14. The connector assembly of claim 13 wherein the connector
housing defines a first slot and a second slot, the first slot
extending longitudinally through the connector body and receiving
the lock reinforcement, the second slot extending laterally through
the connector body and receiving the secondary lock.
15. The connector assembly of claim 13 wherein the lock
reinforcement includes a cam and the secondary lock includes a cam
follower, the cam engaging the cam follower to move the secondary
lock from a third position to a fourth position when the lock
reinforcement is moved from the first position to the second
position.
16. The connector assembly of claim 13 wherein the first subset of
the terminal cavities and the second subset of the terminal
cavities are proper subsets of the plurality of terminal cavities,
and wherein the terminal cavities included in the second subset are
different from the terminal cavities included in the first
subset.
17. A connector assembly comprising: a connector body having a
plurality of terminal cavities and a plurality of lock projections
that are configured to engage a plurality of terminals to retain
the plurality of terminals in the plurality of terminal cavities; a
lock reinforcement that is slidable relative to the connector body
for movement between a pre-set position and a full-set position,
the lock reinforcement being configured to engage a subset of the
lock projections to maintain the lock projections in engagement
with a first subset of the terminals when the lock reinforcement is
in the full-set position; and a secondary lock that is slidable
relative to the connector body and is coupled to the lock
reinforcement, the secondary lock being configured to engage a
second subset of the terminals to retain the plurality of terminals
in the plurality of terminal cavities independent from the
plurality of lock projections when the lock reinforcement is in the
full-set position.
18. The connector assembly of claim 17 wherein the connector body
defines a first slot and a second slot, the first slot extending
longitudinally through the connector body and receiving the lock
reinforcement, the second slot extending laterally through the
connector body and receiving the secondary lock.

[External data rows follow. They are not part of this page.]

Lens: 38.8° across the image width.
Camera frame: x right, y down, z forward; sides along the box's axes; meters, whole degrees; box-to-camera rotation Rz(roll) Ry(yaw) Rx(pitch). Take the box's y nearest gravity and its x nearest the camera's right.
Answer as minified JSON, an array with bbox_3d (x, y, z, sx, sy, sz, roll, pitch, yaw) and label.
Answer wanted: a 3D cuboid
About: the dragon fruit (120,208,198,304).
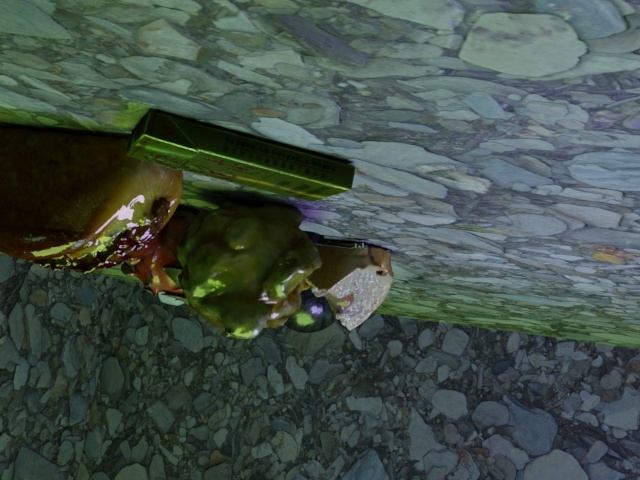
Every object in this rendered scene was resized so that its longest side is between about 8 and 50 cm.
[{"bbox_3d":[-0.325,0.034,2.042,0.227,0.224,0.224,2,170,10],"label":"dragon fruit"}]

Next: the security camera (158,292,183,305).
[{"bbox_3d":[-0.325,0.101,2.566,0.236,0.195,0.194,6,171,4],"label":"security camera"}]

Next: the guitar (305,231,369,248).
[{"bbox_3d":[0.000,0.000,2.051,0.233,0.025,0.088,5,170,24],"label":"guitar"}]

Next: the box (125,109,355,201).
[{"bbox_3d":[-0.122,-0.119,1.353,0.311,0.043,0.173,14,171,-19],"label":"box"}]

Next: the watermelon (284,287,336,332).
[{"bbox_3d":[-0.035,0.152,2.491,0.212,0.212,0.212,10,171,2],"label":"watermelon"}]

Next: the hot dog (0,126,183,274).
[{"bbox_3d":[-0.436,-0.062,1.510,0.405,0.223,0.185,6,168,20],"label":"hot dog"}]

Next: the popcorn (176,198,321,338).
[{"bbox_3d":[-0.146,0.046,1.803,0.279,0.274,0.335,37,167,11],"label":"popcorn"}]

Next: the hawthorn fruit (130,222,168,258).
[{"bbox_3d":[-0.384,-0.044,1.731,0.188,0.169,0.169,-7,169,8],"label":"hawthorn fruit"}]

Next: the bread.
[{"bbox_3d":[0.069,0.051,2.140,0.211,0.224,0.183,-38,144,16],"label":"bread"}]

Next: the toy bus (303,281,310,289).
[{"bbox_3d":[-0.168,0.078,2.343,0.151,0.145,0.331,-3,179,-35],"label":"toy bus"}]
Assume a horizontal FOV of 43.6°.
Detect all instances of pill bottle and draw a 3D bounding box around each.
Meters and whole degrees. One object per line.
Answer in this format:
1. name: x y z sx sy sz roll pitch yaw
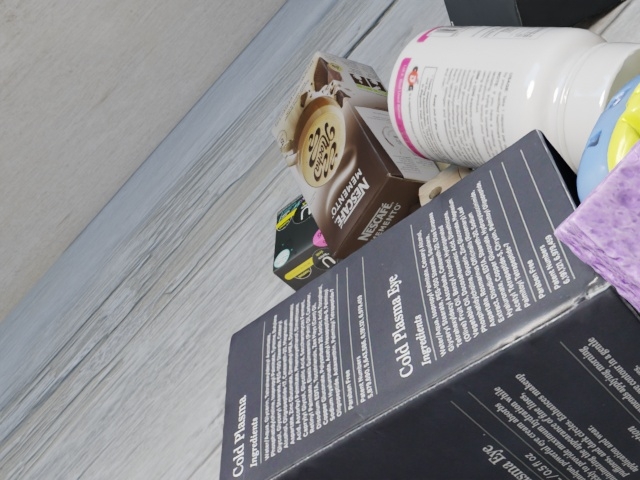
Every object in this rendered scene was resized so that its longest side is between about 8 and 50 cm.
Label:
1. pill bottle: 0.220 -0.147 0.862 0.283 0.160 0.160 21 71 51

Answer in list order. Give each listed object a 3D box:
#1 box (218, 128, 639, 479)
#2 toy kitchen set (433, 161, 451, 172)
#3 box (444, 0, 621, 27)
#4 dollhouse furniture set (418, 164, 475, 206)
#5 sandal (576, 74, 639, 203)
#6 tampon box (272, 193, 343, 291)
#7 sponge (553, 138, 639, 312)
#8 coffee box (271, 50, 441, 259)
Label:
1. box: 0.149 0.148 0.638 0.312 0.343 0.179 -35 31 22
2. toy kitchen set: 0.212 -0.222 1.315 0.207 0.122 0.166 -33 24 -15
3. box: 0.334 -0.410 1.300 0.184 0.103 0.261 -30 27 -6
4. dollhouse furniture set: 0.212 -0.080 1.074 0.129 0.129 0.184 -36 31 21
5. sandal: 0.269 -0.082 0.566 0.317 0.126 0.138 -35 -2 -35
6. tampon box: 0.000 0.000 1.305 0.120 0.101 0.161 -36 30 23
7. sponge: 0.239 -0.041 0.433 0.210 0.117 0.031 -45 -9 -11
8. coffee box: 0.051 -0.128 1.226 0.168 0.119 0.297 -56 43 32

19. The connector assembly of claim 17 wherein the lock
reinforcement includes a cam and the secondary lock includes a cam
follower, the cam engaging the cam follower to move the secondary
lock into engagement with the second subset of the terminals when
the lock reinforcement is moved from the pre-set position to the
full-set position.
20. The connector assembly of claim 17 wherein the first subset of
the terminal cavities and the second subset of the terminal
cavities are proper subsets of the plurality of terminal cavities,
and wherein the terminal cavities included in the second subset are
different from the terminal cavities included in the first subset.
Description
FIELD
The present disclosure relates to electrical connectors, and more
particularly, to cam-actuated independent secondary locks.
BACKGROUND
This section provides background information related to the present
disclosure which is not necessarily prior art.

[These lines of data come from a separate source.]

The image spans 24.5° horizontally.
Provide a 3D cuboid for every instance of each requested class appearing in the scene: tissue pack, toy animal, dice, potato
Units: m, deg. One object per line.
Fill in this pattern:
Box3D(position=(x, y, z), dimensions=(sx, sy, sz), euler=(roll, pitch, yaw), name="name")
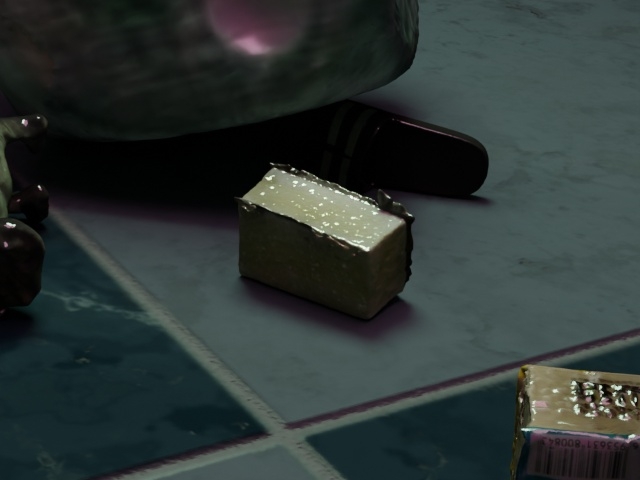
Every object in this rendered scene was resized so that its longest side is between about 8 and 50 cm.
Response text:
Box3D(position=(0.173, 0.131, 0.722), dimensions=(0.169, 0.120, 0.082), euler=(4, 22, 2), name="tissue pack")
Box3D(position=(-0.268, -0.038, 1.030), dimensions=(0.168, 0.106, 0.343), euler=(-6, 30, -23), name="toy animal")
Box3D(position=(-0.109, -0.273, 1.211), dimensions=(0.348, 0.328, 0.330), euler=(-8, 14, 11), name="dice")
Box3D(position=(0.002, 0.001, 1.023), dimensions=(0.122, 0.086, 0.061), euler=(21, 43, 28), name="potato")

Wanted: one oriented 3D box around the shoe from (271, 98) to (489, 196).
Box3D(position=(0.046, -0.068, 1.190), dimensions=(0.179, 0.071, 0.049), euler=(12, 29, 6), name="shoe")
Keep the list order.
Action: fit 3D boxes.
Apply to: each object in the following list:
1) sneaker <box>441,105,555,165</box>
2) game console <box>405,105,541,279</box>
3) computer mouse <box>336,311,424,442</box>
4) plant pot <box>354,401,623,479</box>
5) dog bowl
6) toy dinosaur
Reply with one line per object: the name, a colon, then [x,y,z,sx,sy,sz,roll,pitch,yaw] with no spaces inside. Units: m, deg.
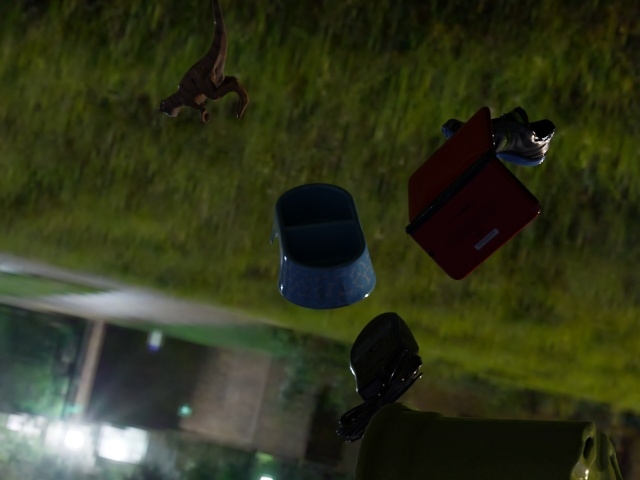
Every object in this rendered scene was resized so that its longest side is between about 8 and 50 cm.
sneaker: [0.236,-0.146,1.663,0.188,0.078,0.067,2,-142,-35]
game console: [0.166,-0.050,1.371,0.124,0.144,0.085,46,-143,1]
computer mouse: [0.108,0.215,2.054,0.072,0.188,0.272,39,-162,-15]
plant pot: [0.215,0.316,1.480,0.254,0.276,0.276,-10,165,28]
dog bowl: [0.000,0.000,2.141,0.166,0.074,0.297,-7,-146,-4]
toy dinosaur: [-0.137,-0.203,1.545,0.112,0.064,0.211,29,131,-13]
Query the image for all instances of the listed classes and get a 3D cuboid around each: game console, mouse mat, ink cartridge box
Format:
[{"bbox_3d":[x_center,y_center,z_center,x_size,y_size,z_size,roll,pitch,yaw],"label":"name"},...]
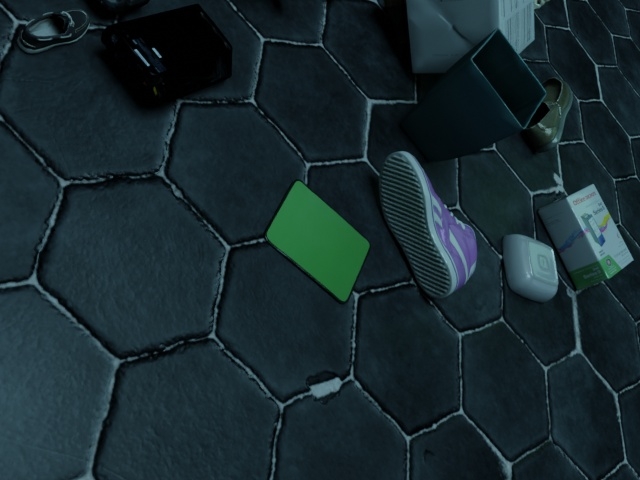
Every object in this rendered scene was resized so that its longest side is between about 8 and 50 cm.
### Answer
[{"bbox_3d":[-0.294,-0.384,1.094,0.361,0.044,0.213,52,38,-2],"label":"game console"},{"bbox_3d":[0.000,0.000,1.184,0.190,0.007,0.152,40,49,-16],"label":"mouse mat"},{"bbox_3d":[0.629,-0.011,1.656,0.154,0.093,0.212,-20,81,-43],"label":"ink cartridge box"}]

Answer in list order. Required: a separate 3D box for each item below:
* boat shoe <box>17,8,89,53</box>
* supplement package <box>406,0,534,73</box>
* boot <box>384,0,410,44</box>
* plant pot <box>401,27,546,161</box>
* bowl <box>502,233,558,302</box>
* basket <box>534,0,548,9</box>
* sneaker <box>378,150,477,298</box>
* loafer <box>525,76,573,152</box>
[{"bbox_3d":[-0.376,-0.307,0.998,0.046,0.038,0.125,53,46,-4],"label":"boat shoe"},{"bbox_3d":[0.331,-0.495,1.510,0.263,0.199,0.198,-44,132,-47],"label":"supplement package"},{"bbox_3d":[0.202,-0.513,1.578,0.219,0.082,0.106,-42,124,-54],"label":"boot"},{"bbox_3d":[0.289,-0.270,1.399,0.165,0.234,0.165,50,46,-10],"label":"plant pot"},{"bbox_3d":[0.462,0.055,1.512,0.142,0.053,0.142,19,60,-32],"label":"bowl"},{"bbox_3d":[0.532,-0.778,1.753,0.328,0.266,0.331,47,18,-11],"label":"basket"},{"bbox_3d":[0.212,-0.042,1.327,0.161,0.102,0.282,-24,96,-47],"label":"sneaker"},{"bbox_3d":[0.573,-0.336,1.767,0.087,0.094,0.251,40,49,-24],"label":"loafer"}]

Conventional connectors include a connector body, lock projections,
and either a primary lock reinforcement (PLR) or an independent
secondary lock (ISL). The lock projections engage a rearward edge
of terminals to retain the terminals in terminal cavities.
Typically, the PLR and the ISL are adjusted to pre-set positions
until the terminals are inserted into the terminal cavities, at
which point the PLR and the ISL are independently moved to full-set
positions. In its full-set position, the PLR engages the lock
projections to prevent the lock projections from deflecting away
from terminal cavities. In its full-set position, the ISL engages a
rearward edge of the terminals to retain the terminals in the
terminal cavities independent from the lock projections.

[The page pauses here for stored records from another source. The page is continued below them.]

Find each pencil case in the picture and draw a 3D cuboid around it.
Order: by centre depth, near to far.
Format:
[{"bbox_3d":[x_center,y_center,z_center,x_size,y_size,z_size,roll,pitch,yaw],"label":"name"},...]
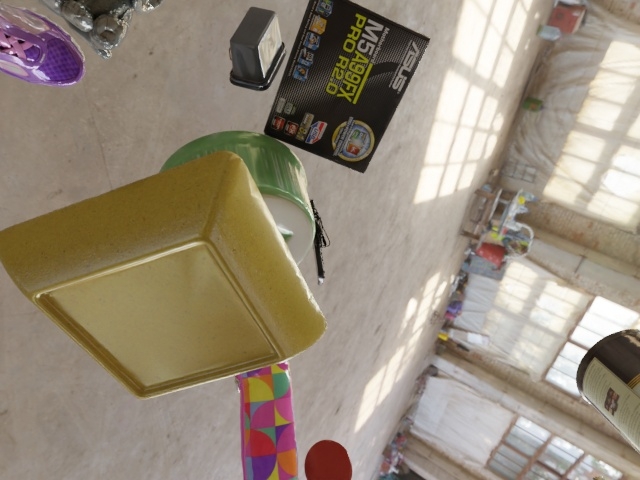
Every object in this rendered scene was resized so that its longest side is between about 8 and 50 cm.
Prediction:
[{"bbox_3d":[-0.094,0.318,0.753,0.104,0.104,0.237,31,48,-66],"label":"pencil case"}]

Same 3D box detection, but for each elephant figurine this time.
[{"bbox_3d":[-0.337,-0.447,0.742,0.240,0.186,0.169,-56,136,-5],"label":"elephant figurine"}]

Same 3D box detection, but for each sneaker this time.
[{"bbox_3d":[-0.406,-0.255,0.540,0.236,0.104,0.095,25,106,-49],"label":"sneaker"}]

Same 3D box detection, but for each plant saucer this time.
[{"bbox_3d":[-0.191,0.088,0.581,0.081,0.332,0.333,-97,166,-52],"label":"plant saucer"}]

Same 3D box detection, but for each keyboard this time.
[{"bbox_3d":[0.000,0.000,1.017,0.100,0.038,0.192,95,-13,-70],"label":"keyboard"}]

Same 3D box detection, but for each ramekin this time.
[{"bbox_3d":[-0.156,-0.039,0.847,0.303,0.148,0.304,-12,139,-10],"label":"ramekin"}]

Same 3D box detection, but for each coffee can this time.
[{"bbox_3d":[0.671,0.329,0.853,0.275,0.201,0.202,-107,-147,-69],"label":"coffee can"}]

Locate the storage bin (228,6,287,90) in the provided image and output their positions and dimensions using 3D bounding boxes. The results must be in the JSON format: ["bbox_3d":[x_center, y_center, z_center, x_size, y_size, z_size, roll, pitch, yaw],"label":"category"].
[{"bbox_3d":[-0.128,-0.371,0.846,0.091,0.098,0.135,91,17,-61],"label":"storage bin"}]

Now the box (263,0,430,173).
[{"bbox_3d":[0.040,-0.285,0.819,0.060,0.216,0.270,-86,-161,-59],"label":"box"}]

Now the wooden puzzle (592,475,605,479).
[{"bbox_3d":[0.258,0.238,0.379,0.083,0.049,0.006,-62,165,-67],"label":"wooden puzzle"}]

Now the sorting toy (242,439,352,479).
[{"bbox_3d":[-0.107,0.588,1.055,0.365,0.127,0.126,-10,151,-22],"label":"sorting toy"}]
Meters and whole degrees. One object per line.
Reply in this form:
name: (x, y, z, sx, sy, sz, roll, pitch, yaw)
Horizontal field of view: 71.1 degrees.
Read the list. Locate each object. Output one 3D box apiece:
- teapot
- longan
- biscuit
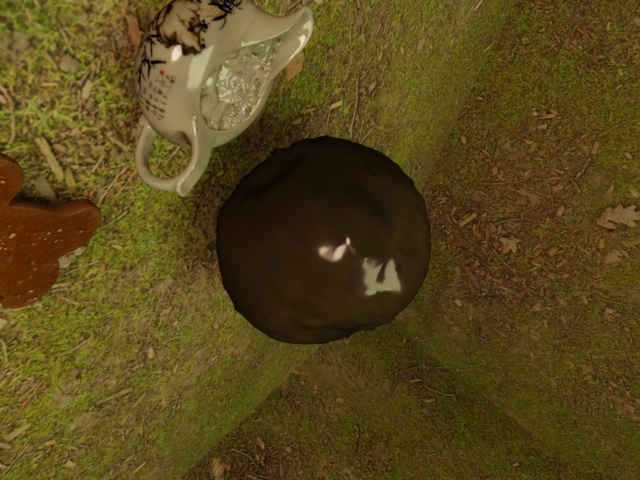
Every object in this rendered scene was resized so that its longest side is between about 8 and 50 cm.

The decision to use a PLR or an ISL may depend on the type of
terminal cavities in a connector and/or the type of application. A
single connector may include both a PLR and an ISL. In this case,
the PLR and the ISL must be independently moved when the connector
is assembled or serviced, increasing the cost and complexity of the
connector relative to conventional connectors.
SUMMARY
This section provides a general summary of the disclosure, and is
not a comprehensive disclosure of its full scope or all of its
features.
A connector assembly according to the present disclosure includes a
connector body, a lock reinforcement, and a secondary lock. The
connector body has a plurality of terminal cavities and a plurality
of lock projections configured to engage a plurality of terminals
to retain the terminals in the terminal cavities. The lock
reinforcement is slidable relative to the connector body for
engagement with a subset of the lock projections to maintain the
lock projections engaged with a first subset of the terminals. The
secondary lock is slidable relative to the connector body for
engagement with a second subset of the terminals to retain the
terminals in the terminal cavities independent from the lock
projections. The secondary lock is coupled to the lock
reinforcement such that moving one of the lock reinforcement and
the secondary lock moves the other one of the lock reinforcement
and the secondary lock.
In one aspect, the lock reinforcement includes a cam and the
secondary lock includes a cam follower. The cam engages the cam
follower to move the secondary lock into engagement with the subset
of the terminals when the lock reinforcement is moved from a
pre-set position to a full-set position.
In another aspect, the connector body defines a first slot and a
second slot. The first slot extends longitudinally through the
connector body and receives the lock reinforcement. The second slot
extends laterally through the connector body and receives the
secondary lock.
Further areas of applicability will become apparent from the
description provided herein. The description and specific examples
in this summary are intended for purposes of illustration only and
are not intended to limit the scope of the present disclosure.
DRAWINGS
The drawings described herein are for illustrative purposes only of
selected embodiments and not all possible implementations, and are
not intended to limit the scope of the present disclosure.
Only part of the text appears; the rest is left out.